Work task. Every record below should be printed exactly as given.

[[ Material supplied open ]]

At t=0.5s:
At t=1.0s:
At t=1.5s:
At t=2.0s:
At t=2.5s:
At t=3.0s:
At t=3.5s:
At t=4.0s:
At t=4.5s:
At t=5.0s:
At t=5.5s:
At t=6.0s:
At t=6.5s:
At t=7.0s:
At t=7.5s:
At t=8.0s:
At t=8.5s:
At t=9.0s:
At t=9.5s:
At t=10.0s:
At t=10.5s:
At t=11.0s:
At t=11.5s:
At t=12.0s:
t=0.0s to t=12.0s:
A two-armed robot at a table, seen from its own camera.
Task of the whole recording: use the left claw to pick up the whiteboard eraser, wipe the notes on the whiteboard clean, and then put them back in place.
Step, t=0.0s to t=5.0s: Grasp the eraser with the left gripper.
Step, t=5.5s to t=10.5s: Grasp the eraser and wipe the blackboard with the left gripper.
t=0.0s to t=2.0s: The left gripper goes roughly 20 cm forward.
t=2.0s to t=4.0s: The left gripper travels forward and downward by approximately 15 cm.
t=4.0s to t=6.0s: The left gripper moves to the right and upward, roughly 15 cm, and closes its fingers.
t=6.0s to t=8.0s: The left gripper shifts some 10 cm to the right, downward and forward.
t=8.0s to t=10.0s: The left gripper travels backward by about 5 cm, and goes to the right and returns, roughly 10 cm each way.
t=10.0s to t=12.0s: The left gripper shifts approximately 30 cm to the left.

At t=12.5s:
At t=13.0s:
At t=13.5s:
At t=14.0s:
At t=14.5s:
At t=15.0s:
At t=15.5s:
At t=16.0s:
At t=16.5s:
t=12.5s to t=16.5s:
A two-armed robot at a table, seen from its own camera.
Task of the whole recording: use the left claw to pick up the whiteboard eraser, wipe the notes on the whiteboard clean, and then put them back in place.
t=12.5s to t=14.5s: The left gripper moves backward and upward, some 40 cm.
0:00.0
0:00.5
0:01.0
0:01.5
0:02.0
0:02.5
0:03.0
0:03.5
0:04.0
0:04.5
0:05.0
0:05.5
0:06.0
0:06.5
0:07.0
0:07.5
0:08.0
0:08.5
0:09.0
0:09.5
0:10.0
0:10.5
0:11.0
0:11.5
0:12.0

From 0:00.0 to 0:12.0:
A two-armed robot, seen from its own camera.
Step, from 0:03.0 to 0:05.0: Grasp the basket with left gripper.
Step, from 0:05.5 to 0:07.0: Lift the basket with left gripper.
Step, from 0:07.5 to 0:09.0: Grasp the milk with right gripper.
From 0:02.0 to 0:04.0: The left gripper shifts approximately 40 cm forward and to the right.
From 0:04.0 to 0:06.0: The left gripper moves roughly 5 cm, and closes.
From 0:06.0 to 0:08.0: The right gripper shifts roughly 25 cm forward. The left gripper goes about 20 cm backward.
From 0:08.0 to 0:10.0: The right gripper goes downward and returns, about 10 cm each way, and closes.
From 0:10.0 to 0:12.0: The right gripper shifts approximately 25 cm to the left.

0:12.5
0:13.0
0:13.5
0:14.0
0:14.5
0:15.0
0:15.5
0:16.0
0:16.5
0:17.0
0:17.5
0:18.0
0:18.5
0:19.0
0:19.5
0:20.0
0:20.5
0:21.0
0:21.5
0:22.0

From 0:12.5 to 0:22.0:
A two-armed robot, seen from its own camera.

[[ Material supplied closed ]]

Result.
At t=0.5s:
At t=1.0s:
At t=1.5s:
At t=2.0s:
At t=2.5s:
At t=3.0s:
At t=3.5s:
At t=4.0s:
At t=4.5s:
At t=5.0s:
At t=5.5s:
At t=6.0s:
At t=6.5s:
At t=7.0s:
At t=7.5s:
At t=8.0s:
At t=8.5s:
At t=9.0s:
At t=9.5s:
At t=10.0s:
At t=10.5s:
At t=11.0s:
At t=11.5s:
At t=12.0s:
t=0.0s to t=12.0s:
A two-armed robot at a table, seen from its own camera.
Task of the whole recording: use the left claw to pick up the whiteboard eraser, wipe the notes on the whiteboard clean, and then put them back in place.
Step, t=0.0s to t=5.0s: Grasp the eraser with the left gripper.
Step, t=5.5s to t=10.5s: Grasp the eraser and wipe the blackboard with the left gripper.
t=0.0s to t=2.0s: The left gripper goes roughly 20 cm forward.
t=2.0s to t=4.0s: The left gripper travels forward and downward by approximately 15 cm.
t=4.0s to t=6.0s: The left gripper moves to the right and upward, roughly 15 cm, and closes its fingers.
t=6.0s to t=8.0s: The left gripper shifts some 10 cm to the right, downward and forward.
t=8.0s to t=10.0s: The left gripper travels backward by about 5 cm, and goes to the right and returns, roughly 10 cm each way.
t=10.0s to t=12.0s: The left gripper shifts approximately 30 cm to the left.

At t=12.5s:
At t=13.0s:
At t=13.5s:
At t=14.0s:
At t=14.5s:
At t=15.0s:
At t=15.5s:
At t=16.0s:
At t=16.5s:
t=12.5s to t=16.5s:
A two-armed robot at a table, seen from its own camera.
Task of the whole recording: use the left claw to pick up the whiteboard eraser, wipe the notes on the whiteboard clean, and then put them back in place.
t=12.5s to t=14.5s: The left gripper moves backward and upward, some 40 cm.
0:00.0
0:00.5
0:01.0
0:01.5
0:02.0
0:02.5
0:03.0
0:03.5
0:04.0
0:04.5
0:05.0
0:05.5
0:06.0
0:06.5
0:07.0
0:07.5
0:08.0
0:08.5
0:09.0
0:09.5
0:10.0
0:10.5
0:11.0
0:11.5
0:12.0

From 0:00.0 to 0:12.0:
A two-armed robot, seen from its own camera.
Step, from 0:03.0 to 0:05.0: Grasp the basket with left gripper.
Step, from 0:05.5 to 0:07.0: Lift the basket with left gripper.
Step, from 0:07.5 to 0:09.0: Grasp the milk with right gripper.
From 0:02.0 to 0:04.0: The left gripper shifts approximately 40 cm forward and to the right.
From 0:04.0 to 0:06.0: The left gripper moves roughly 5 cm, and closes.
From 0:06.0 to 0:08.0: The right gripper shifts roughly 25 cm forward. The left gripper goes about 20 cm backward.
From 0:08.0 to 0:10.0: The right gripper goes downward and returns, about 10 cm each way, and closes.
From 0:10.0 to 0:12.0: The right gripper shifts approximately 25 cm to the left.

0:12.5
0:13.0
0:13.5
0:14.0
0:14.5
0:15.0
0:15.5
0:16.0
0:16.5
0:17.0
0:17.5
0:18.0
0:18.5
0:19.0
0:19.5
0:20.0
0:20.5
0:21.0
0:21.5
0:22.0

From 0:12.5 to 0:22.0:
A two-armed robot, seen from its own camera.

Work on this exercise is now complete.